Temblando de pies a cabeza, Tripitaka se abrazó, desesperado, al Peregrino y le suplicó, diciendo:
—¡Ayúdame a salir de este trance!
—Para eso —respondió el Peregrino— lo viejo debe transformarse en nuevo.
—¿Qué quieres decir? —preguntó Ba-Chie.
—Que si desea salvar la vida, el maestro tendrá que convertirse en discípulo y el discípulo en maestro —explicó el Peregrino.
—Por librarme de la muerte —se apresuró a contestar Tripitaka— estoy dispuesto de buena gana a ser discípulo tuyo.
—En ese caso —concluyó el Peregrino—, no tenemos tiempo que perder. Ba-Chie, cúbreme inmediatamente de barro.
El Idiota cogió el rastrillo e hizo un montón de arena. No se atrevió, sin embargo, a salir a por agua y, levantándose la ropa, meó a toda prisa sobre la tierra. De esta forma, consiguió el barro que el Peregrino necesitaba. Aunque olía muy mal, a éste no le quedó otro remedio que tomar un puñado y aplastárselo contra la cara. Logró hacer, de esta forma, una tosca máscara de mono, que le puso al monje Tang después de pedirle que se pusiera de pie. Sin intercambiar con él ninguna palabra más, recitó un conjuro y exclamó:
—¡Transfórmate! —y al instante se convirtió en una réplica exacta del Peregrino.
Se cambiaron a continuación las ropas y, tras pronunciar otro conjuro diferente, Wu-Kung tomó la apariencia del monje Tang. Eran tan idénticos sus rasgos, que no había manera de diferenciarlos. Ni Ba-Chie ni el Bonzo Sha podían decir quién era quién.
Apenas había terminado uno de ponerse las ropas del otro, cuando oyeron el estridente sonido de los tambores y los gongs. Se asomaron a la ventana y vieron acercarse a un auténtico bosque de lanzas y cimitarras. Las fuerzas enviadas por el emperador ascendían a más de tres mil soldados, un número totalmente desproporcionado con la misión asignada. El capitán de la guardia entró directamente en el patio del palacio y preguntó:
—¿Dónde se encuentra el monje enviado por el Gran Emperador de los Tang de las Tierras del Este?
El funcionario encargado de la buena marcha del pabellón se postró de hinojos y, señalando con dedo tembloroso hacia el interior, respondió:
—En una de esas habitaciones de allí.
El capitán se dirigió con paso seguro a la que le habían indicado y dijo:
—Maestro Tang, nuestro soberano exige vuestra inmediata presencia en la corte.

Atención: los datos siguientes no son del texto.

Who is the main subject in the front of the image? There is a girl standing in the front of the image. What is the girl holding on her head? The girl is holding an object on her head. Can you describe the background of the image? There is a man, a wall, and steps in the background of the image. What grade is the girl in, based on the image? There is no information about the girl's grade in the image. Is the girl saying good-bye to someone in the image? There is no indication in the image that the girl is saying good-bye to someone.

Ba-Chie y el Bonzo Sha permanecieron a un lado, protegiendo al falso Peregrino. El auténtico se inclinó ante el oficial y preguntó, haciéndose pasar por el monje Tang:
—¿Qué puede desear su majestad de un pobre monje como yo?
—Es preciso que vengáis conmigo —respondió el capitán, agarrándole sin ninguna consideración—. Cuando os hace llamar, por algo será. ¿No os parece?

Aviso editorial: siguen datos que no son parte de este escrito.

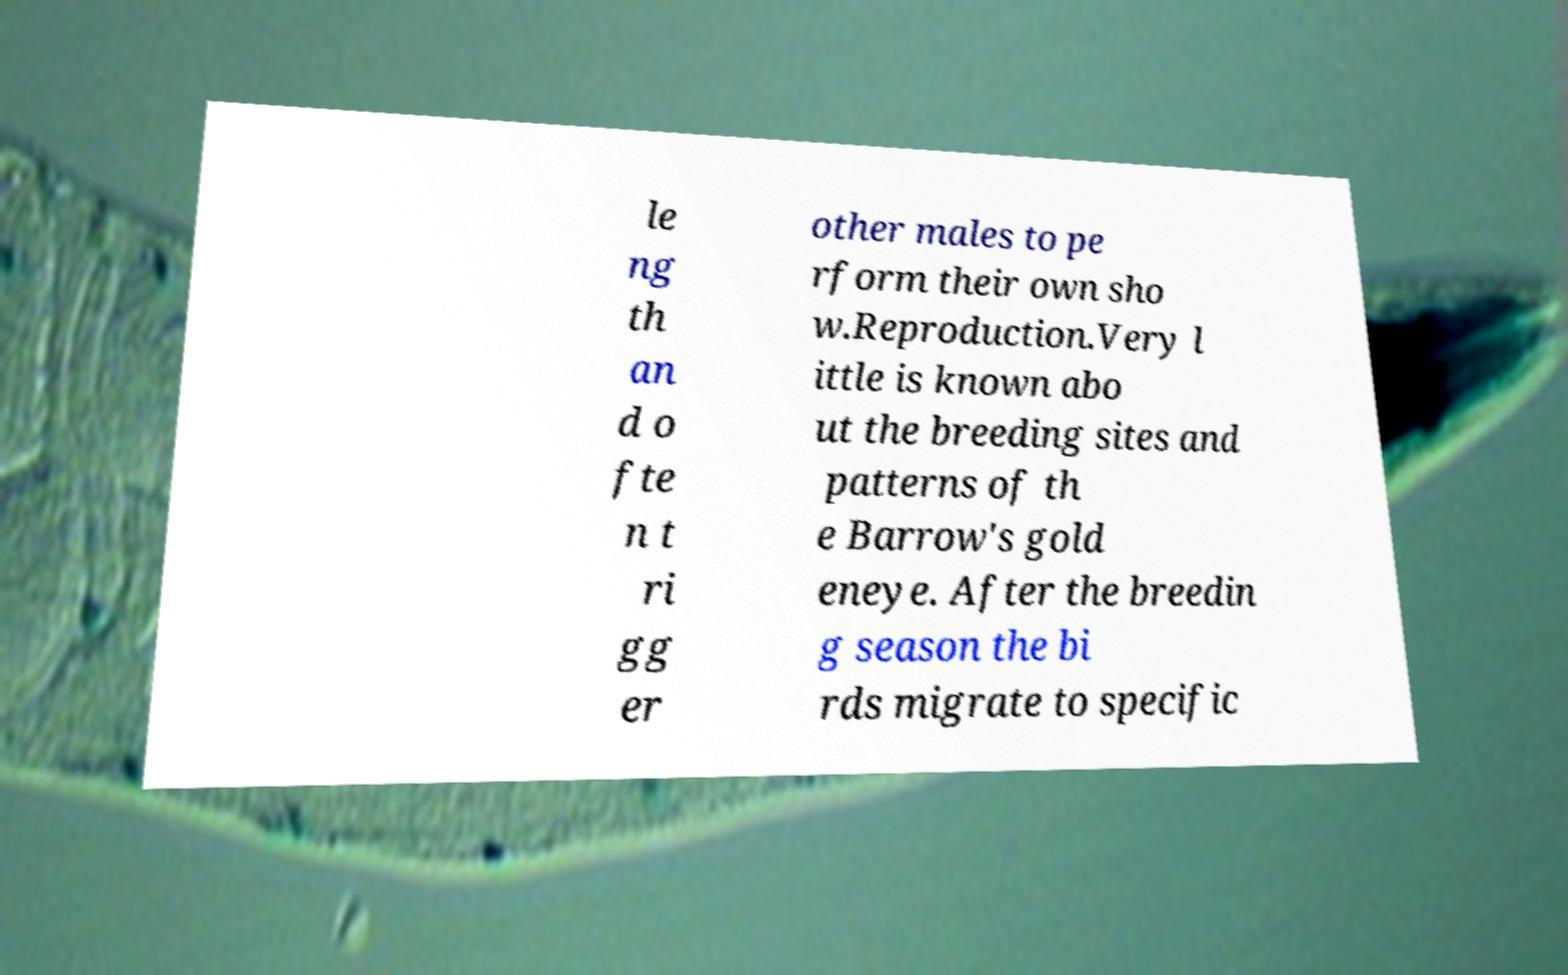What messages or text are displayed in this image? I need them in a readable, typed format. le ng th an d o fte n t ri gg er other males to pe rform their own sho w.Reproduction.Very l ittle is known abo ut the breeding sites and patterns of th e Barrow's gold eneye. After the breedin g season the bi rds migrate to specific

De esta forma, volvió a cumplirse, una vez más, el principio de que la maldad siempre trata de imponerse sobre el bien y que quien obra con justicia recibe en pago violencia.
No sabemos de momento qué suerte le aguarda al Peregrino. Quien desee averiguarlo tendrá que escuchar con atención las explicaciones que se ofrecen en el capítulo siguiente.